To survive the heat and drought, desert life pioneers ingenious solutions.
Coyotes dig and maintain wells in arroyos, probing deep for water.
White-winged doves use their bodies as canteens, drinking enough when the
opportunity arises to increase their bodyweight by more than 15 per cent.
Black-tailed jack rabbits tolerate internal temperatures of 111F. Western
box turtles store water in their oversized bladders and urinate on
themselves to stay cool. Mesquite grows taproots more than 160ft deep in
search of moisture.
These life-forms and their life strategies compose what we might think of as
the "body" of the desert, with some species the lungs and others the liver,
the blood, the skin. The trend in scientific investigation in recent decades
has been toward understanding the interconnectedness of the bodily
components, i.e. the effect one species has on the others. The loss of even
one species irrevocably changes the desert (or the tundra, rainforest,
prairie, coastal estuary, coral reef, and so on) as we know it, just as the
loss of each human being changes his or her family forever.
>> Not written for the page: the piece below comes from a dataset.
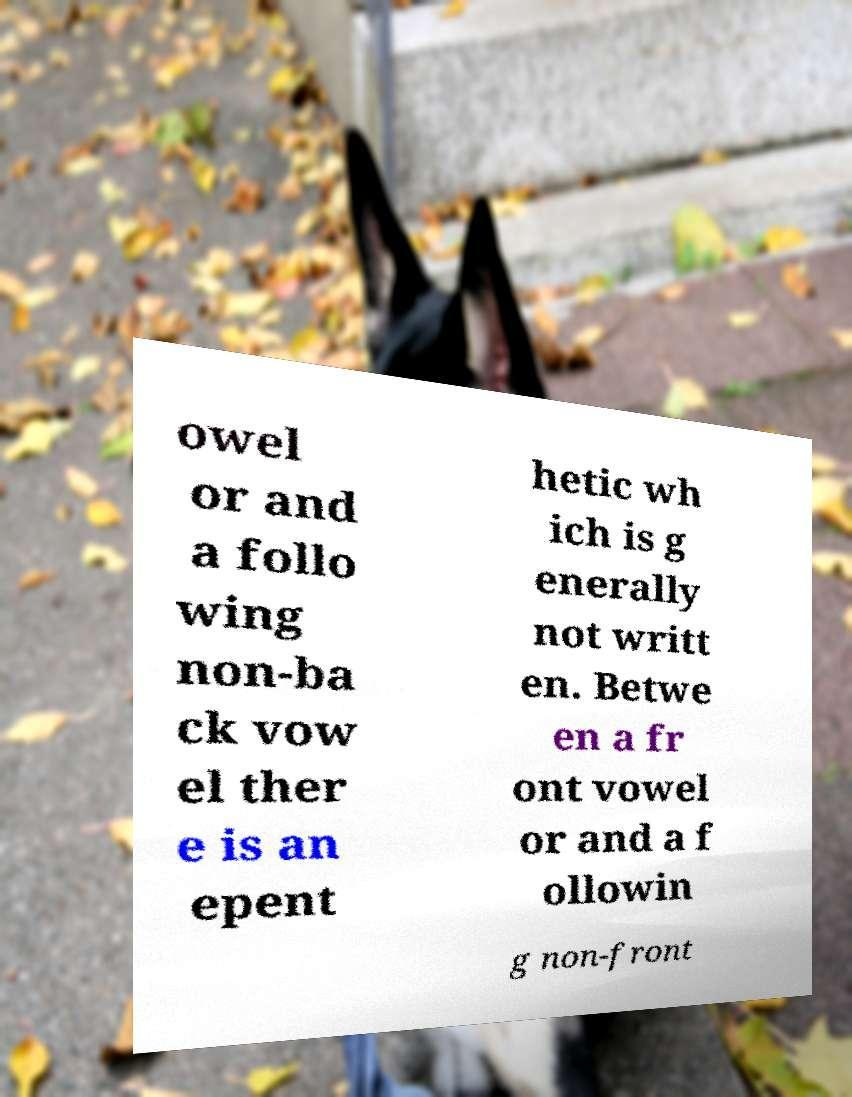Can you accurately transcribe the text from the provided image for me? owel or and a follo wing non-ba ck vow el ther e is an epent hetic wh ich is g enerally not writt en. Betwe en a fr ont vowel or and a f ollowin g non-front 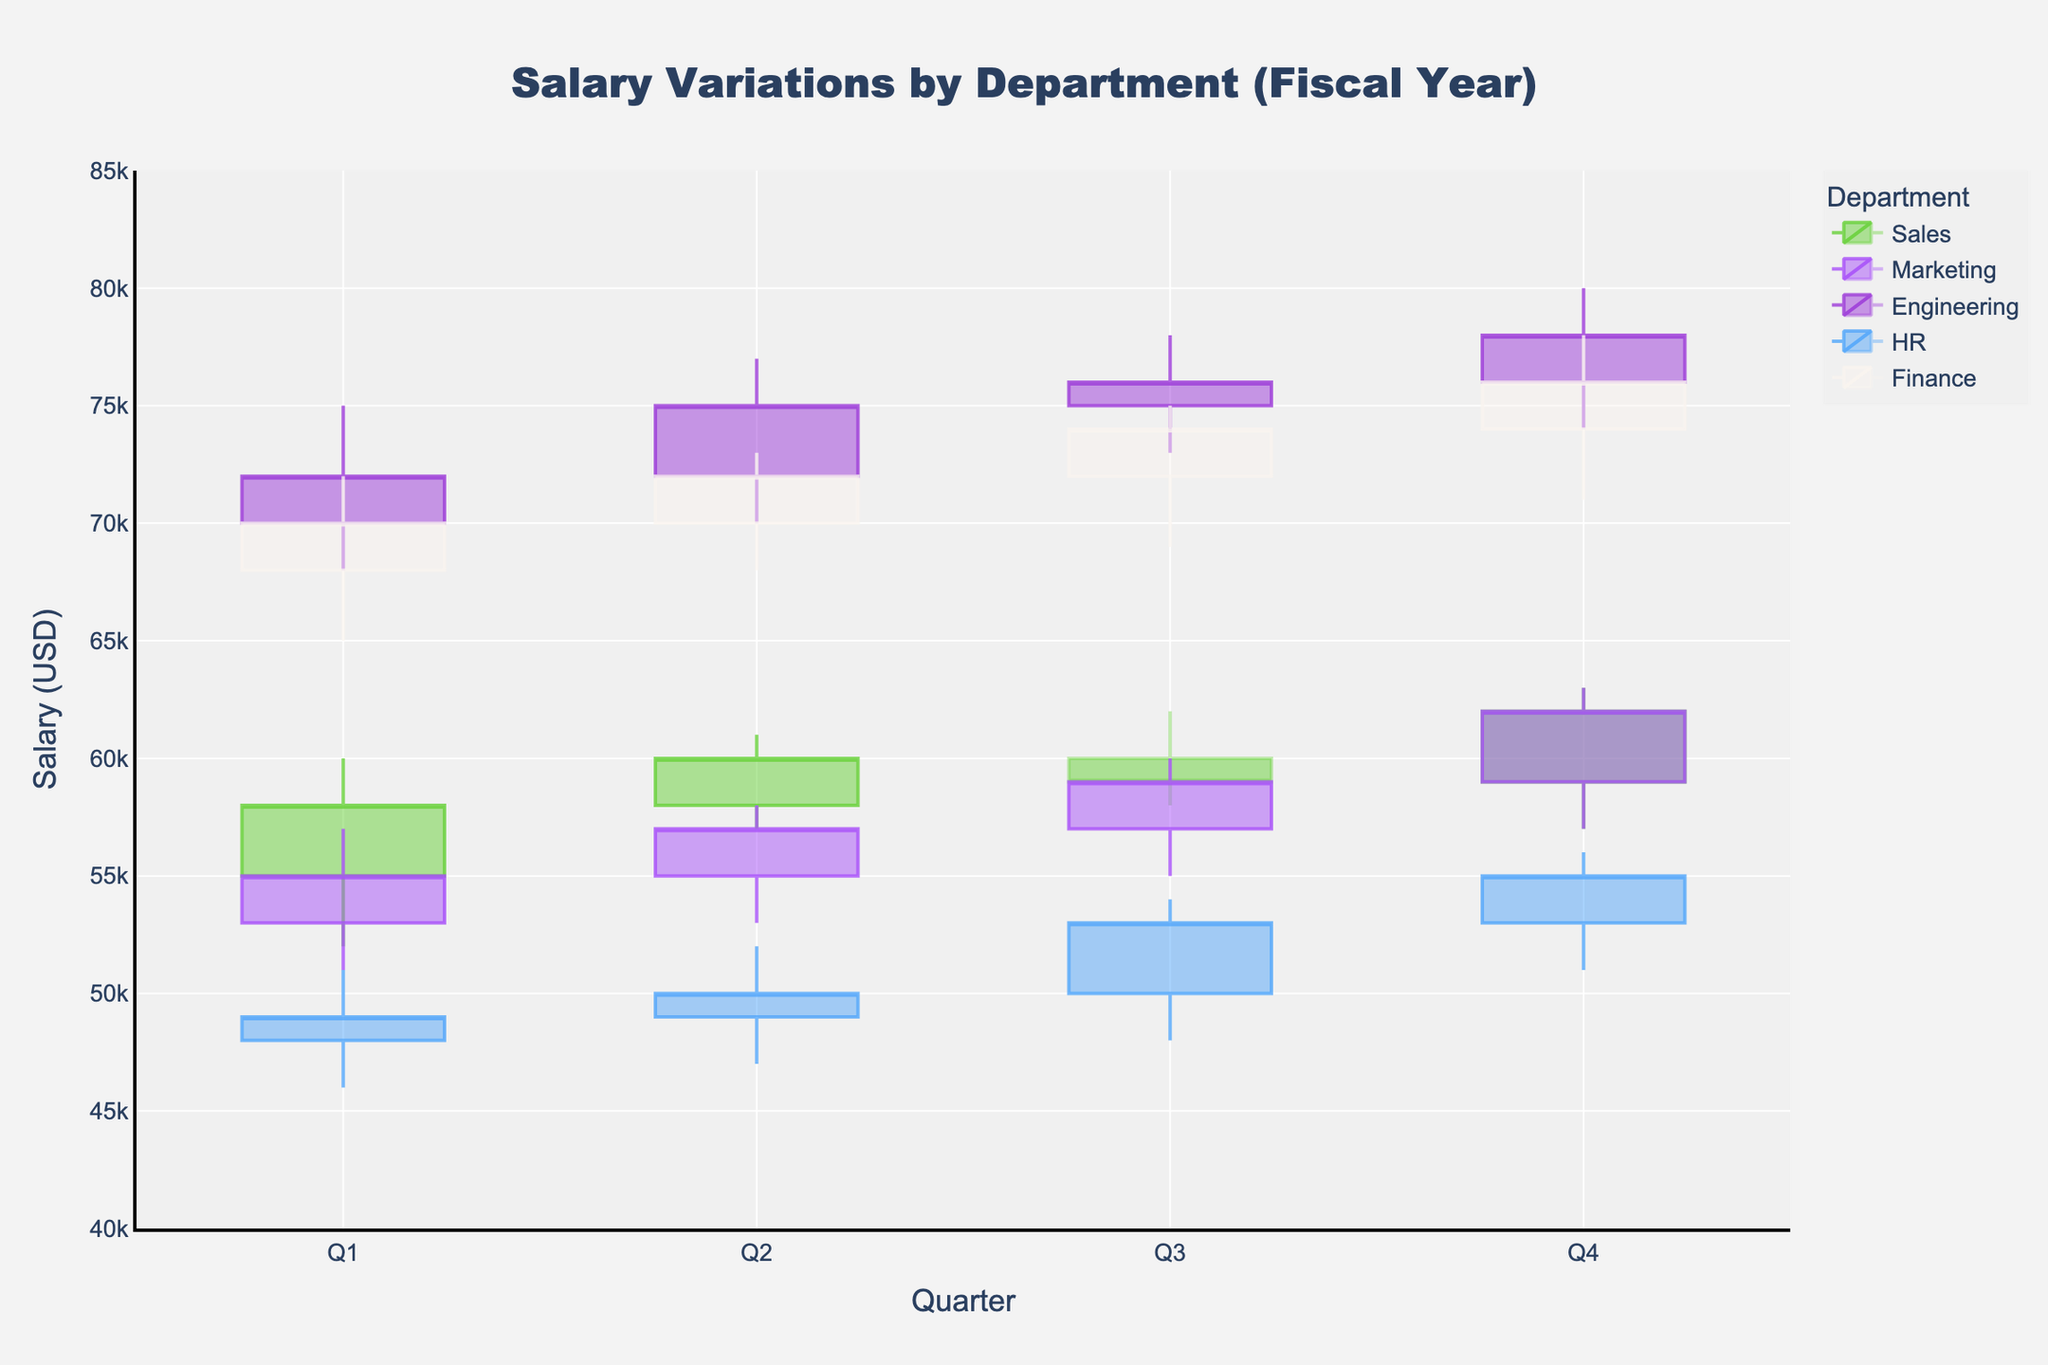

Nowhere is this better proven than in a 12-year study conducted in the
Chihuahuan desert by James H Brown and Edward Heske of the University of New
Mexico. When a kangaroo-rat guild composed of three closely related species
was removed, shrublands quickly converted to grasslands, which supported
fewer annual plants, which in turn supported fewer birds. Even humble
players mediate stability. So when you and I hear of this year's extinction
of the Yangtze river dolphin, and think, "how sad", we're not calculating
the deepest cost: that extinctions lead to co-extinctions because most
living things on Earth support a few symbionts, while keystone species
influence and support myriad plants and animals. Army ants, for example, are
known to support 100 known species, from beetles to birds. A European study
finds steep declines in honeybee diversity in the past 25 years but also
significant attendant declines in plants that depend on bees for pollination
- a job estimated to be worth £50bn worldwide. Meanwhile, beekeepers in 24
American states report that perhaps 70 per cent of their colonies have
recently died off, threatening £7bn in US agriculture. And bees are only a
small part of the pollinator crisis.
One of the most alarming developments is the rapid decline not just of
species but of higher taxa, such as the class Amphibia, the
300-million-year-old group of frogs, salamanders, newts and toads hardy
enough to have preceded and then outlived most dinosaurs. Biologists first
noticed die-offs two decades ago, and, since then, have watched as seemingly
robust amphibian species vanished in as little as six months. The causes
cover the spectrum of human environmental assaults, including rising
ultraviolet radiation from a thinning ozone layer, increases in pollutants
and pesticides, habitat loss from agriculture and urbanisation, invasions of
exotic species, the wildlife trade, light pollution, and fungal diseases.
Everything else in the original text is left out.